_PROMPT:_
Every record below needs to be set down exactly. Pictures do not belong in the copy.

___ AVAILABLE DATA

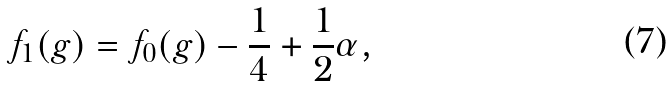<formula> <loc_0><loc_0><loc_500><loc_500>f _ { 1 } ( g ) = f _ { 0 } ( g ) - \frac { 1 } { 4 } + \frac { 1 } { 2 } \alpha ,</formula> 
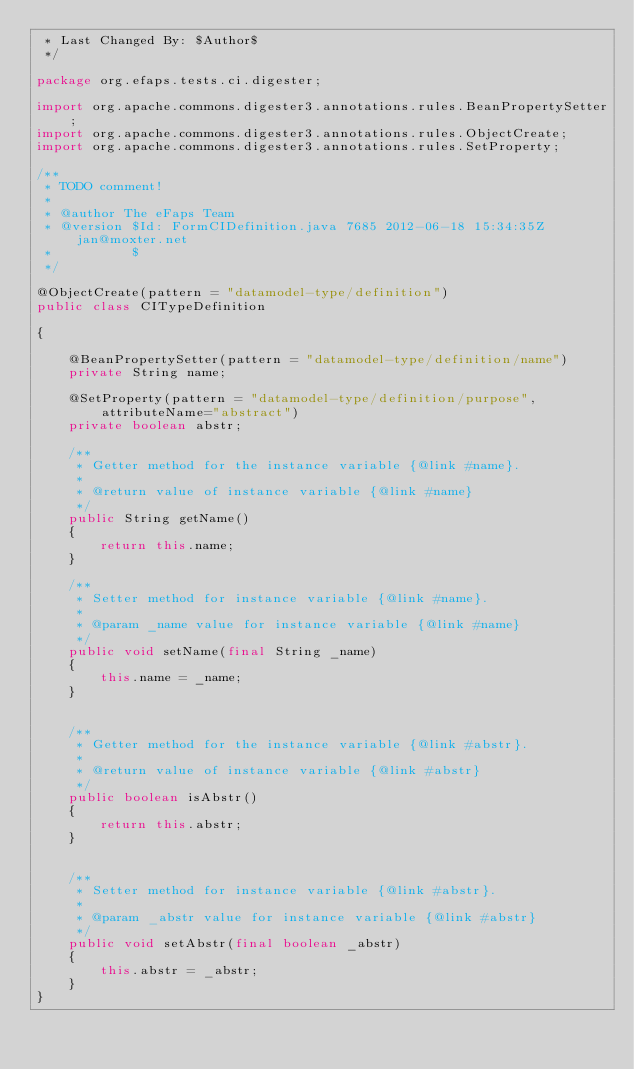<code> <loc_0><loc_0><loc_500><loc_500><_Java_> * Last Changed By: $Author$
 */

package org.efaps.tests.ci.digester;

import org.apache.commons.digester3.annotations.rules.BeanPropertySetter;
import org.apache.commons.digester3.annotations.rules.ObjectCreate;
import org.apache.commons.digester3.annotations.rules.SetProperty;

/**
 * TODO comment!
 *
 * @author The eFaps Team
 * @version $Id: FormCIDefinition.java 7685 2012-06-18 15:34:35Z jan@moxter.net
 *          $
 */

@ObjectCreate(pattern = "datamodel-type/definition")
public class CITypeDefinition

{

    @BeanPropertySetter(pattern = "datamodel-type/definition/name")
    private String name;

    @SetProperty(pattern = "datamodel-type/definition/purpose", attributeName="abstract")
    private boolean abstr;

    /**
     * Getter method for the instance variable {@link #name}.
     *
     * @return value of instance variable {@link #name}
     */
    public String getName()
    {
        return this.name;
    }

    /**
     * Setter method for instance variable {@link #name}.
     *
     * @param _name value for instance variable {@link #name}
     */
    public void setName(final String _name)
    {
        this.name = _name;
    }


    /**
     * Getter method for the instance variable {@link #abstr}.
     *
     * @return value of instance variable {@link #abstr}
     */
    public boolean isAbstr()
    {
        return this.abstr;
    }


    /**
     * Setter method for instance variable {@link #abstr}.
     *
     * @param _abstr value for instance variable {@link #abstr}
     */
    public void setAbstr(final boolean _abstr)
    {
        this.abstr = _abstr;
    }
}
</code> 
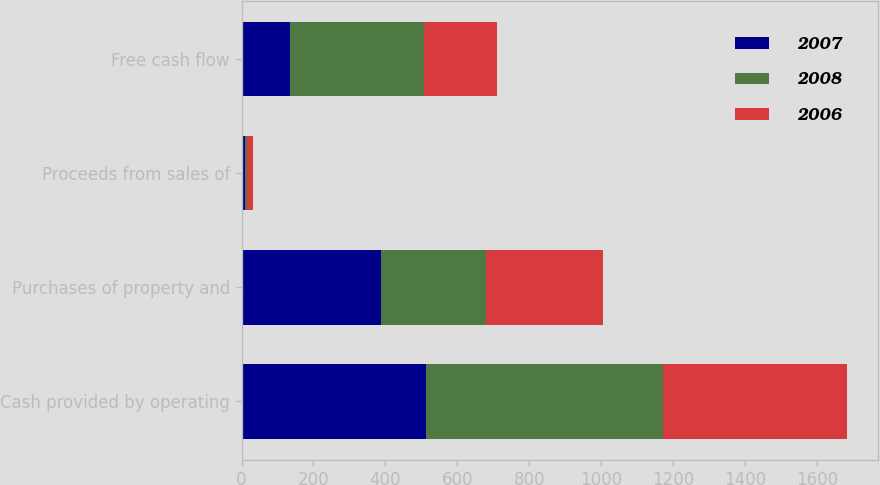Convert chart to OTSL. <chart><loc_0><loc_0><loc_500><loc_500><stacked_bar_chart><ecel><fcel>Cash provided by operating<fcel>Purchases of property and<fcel>Proceeds from sales of<fcel>Free cash flow<nl><fcel>2007<fcel>512.2<fcel>386.9<fcel>8.2<fcel>133.5<nl><fcel>2008<fcel>661.3<fcel>292.5<fcel>6.1<fcel>374.9<nl><fcel>2006<fcel>511.2<fcel>326.7<fcel>18.5<fcel>203<nl></chart>

______

_WRITTEN REPLY:_
<formula> <loc_0><loc_0><loc_500><loc_500>f _ { 1 } ( g ) = f _ { 0 } ( g ) - \frac { 1 } { 4 } + \frac { 1 } { 2 } \alpha ,</formula> 
<code> <loc_0><loc_0><loc_500><loc_500><_Java_> * Last Changed By: $Author$
 */

package org.efaps.tests.ci.digester;

import org.apache.commons.digester3.annotations.rules.BeanPropertySetter;
import org.apache.commons.digester3.annotations.rules.ObjectCreate;
import org.apache.commons.digester3.annotations.rules.SetProperty;

/**
 * TODO comment!
 *
 * @author The eFaps Team
 * @version $Id: FormCIDefinition.java 7685 2012-06-18 15:34:35Z jan@moxter.net
 *          $
 */

@ObjectCreate(pattern = "datamodel-type/definition")
public class CITypeDefinition

{

    @BeanPropertySetter(pattern = "datamodel-type/definition/name")
    private String name;

    @SetProperty(pattern = "datamodel-type/definition/purpose", attributeName="abstract")
    private boolean abstr;

    /**
     * Getter method for the instance variable {@link #name}.
     *
     * @return value of instance variable {@link #name}
     */
    public String getName()
    {
        return this.name;
    }

    /**
     * Setter method for instance variable {@link #name}.
     *
     * @param _name value for instance variable {@link #name}
     */
    public void setName(final String _name)
    {
        this.name = _name;
    }


    /**
     * Getter method for the instance variable {@link #abstr}.
     *
     * @return value of instance variable {@link #abstr}
     */
    public boolean isAbstr()
    {
        return this.abstr;
    }


    /**
     * Setter method for instance variable {@link #abstr}.
     *
     * @param _abstr value for instance variable {@link #abstr}
     */
    public void setAbstr(final boolean _abstr)
    {
        this.abstr = _abstr;
    }
}
</code> 
Convert chart to OTSL. <chart><loc_0><loc_0><loc_500><loc_500><stacked_bar_chart><ecel><fcel>Cash provided by operating<fcel>Purchases of property and<fcel>Proceeds from sales of<fcel>Free cash flow<nl><fcel>2007<fcel>512.2<fcel>386.9<fcel>8.2<fcel>133.5<nl><fcel>2008<fcel>661.3<fcel>292.5<fcel>6.1<fcel>374.9<nl><fcel>2006<fcel>511.2<fcel>326.7<fcel>18.5<fcel>203<nl></chart>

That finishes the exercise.